Donald Oliver, the first black Canadian to hold a Senate seat, recalls anxiety permeating the event, both from white media outside and black people inside.

“When you are white and you want to control a minority group, you divide them and conquer them and step all over them, and keep them divided so they can’t get together,” he said in an interview with The Signal.

Suddenly though, with this one meeting, black people were organizing in a way they hadn’t before.

The gathering left Oliver, who can’t make the anniversary, feeling “determined to go out and fight for equality and human rights, inclusion, and that’s what I did for 50 years of my life.”

Opposing outcomes

Following the meeting, BUF formed and was active until underfunding shut it down in 1996.

However, opinions differ as to what the family meeting decided BUF was supposed to be.
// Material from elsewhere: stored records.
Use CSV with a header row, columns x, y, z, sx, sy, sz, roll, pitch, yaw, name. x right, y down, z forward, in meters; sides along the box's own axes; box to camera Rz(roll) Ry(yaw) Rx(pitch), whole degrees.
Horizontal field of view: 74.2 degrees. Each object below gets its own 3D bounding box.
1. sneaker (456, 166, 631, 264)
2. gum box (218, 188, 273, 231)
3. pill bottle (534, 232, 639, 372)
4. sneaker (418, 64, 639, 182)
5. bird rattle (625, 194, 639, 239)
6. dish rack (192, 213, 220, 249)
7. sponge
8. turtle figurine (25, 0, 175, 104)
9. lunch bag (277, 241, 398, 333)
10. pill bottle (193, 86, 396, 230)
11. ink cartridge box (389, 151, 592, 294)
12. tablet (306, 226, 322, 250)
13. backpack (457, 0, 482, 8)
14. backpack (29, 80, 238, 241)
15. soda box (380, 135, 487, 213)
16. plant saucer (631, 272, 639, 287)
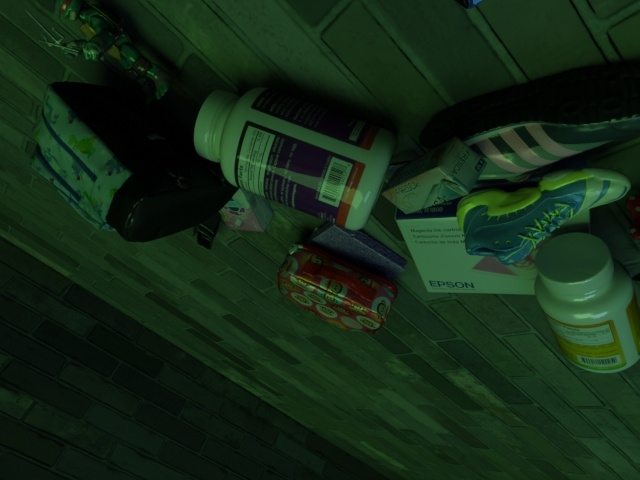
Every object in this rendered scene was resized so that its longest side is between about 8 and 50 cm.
x,y,z,sx,sy,sz,roll,pitch,yaw,name
0.322,-0.024,0.633,0.091,0.126,0.240,22,157,-39,sneaker
-0.198,-0.107,0.992,0.107,0.062,0.188,6,141,25,gum box
0.443,0.103,0.705,0.136,0.136,0.245,-9,134,39,pill bottle
0.311,-0.147,0.605,0.319,0.112,0.131,0,145,42,sneaker
0.534,-0.044,0.525,0.254,0.207,0.143,-19,103,36,bird rattle
-0.379,-0.086,1.075,0.272,0.074,0.208,31,162,-9,dish rack
0.089,0.027,1.012,0.210,0.031,0.117,32,146,-16,sponge
-0.383,-0.343,0.746,0.234,0.118,0.175,35,-179,-36,turtle figurine
0.035,0.120,1.050,0.293,0.120,0.258,25,159,7,lunch bag
-0.044,-0.151,0.740,0.323,0.181,0.181,21,145,6,pill bottle
0.318,-0.015,0.795,0.324,0.071,0.330,-3,138,34,ink cartridge box
0.000,0.000,1.061,0.054,0.006,0.083,28,145,-3,tablet
0.162,-0.335,0.454,0.101,0.098,0.120,-32,121,18,backpack
-0.384,-0.159,0.819,0.273,0.290,0.355,-42,85,27,backpack
0.165,-0.092,0.650,0.063,0.058,0.183,37,167,-10,soda box
0.584,0.031,0.529,0.318,0.043,0.317,-14,172,-2,plant saucer

Saney said radical thinkers, like Jones, wanted BUF be an independent umbrella group to advocate for all black organizations and report back to future family meetings. Others believe BUF was always meant to be what it became, a stand-alone organization of black community representatives, dependent on state funding.

Boyd was critical of the meeting’s outcome, writing, “we chose to seek black power. Instead, we lost our liberty.”

50 years later

While aware that BUF wasn’t all things to all people, Saney said the black community needs another independent political organization, to work towards self-determination for African-Nova Scotians.

“What has changed in the 50 years, I think, is the consciousness of people, awareness of their rights,” he said.

During that first meeting, Jones wrote “for the first time, even in that meeting with all that dissension, people realized that we as Black people could control what we did.”

The anniversary will centre around the same ideals, with a discussion and look back at what’s been achieved in black self-determination — and a look forward at what can be.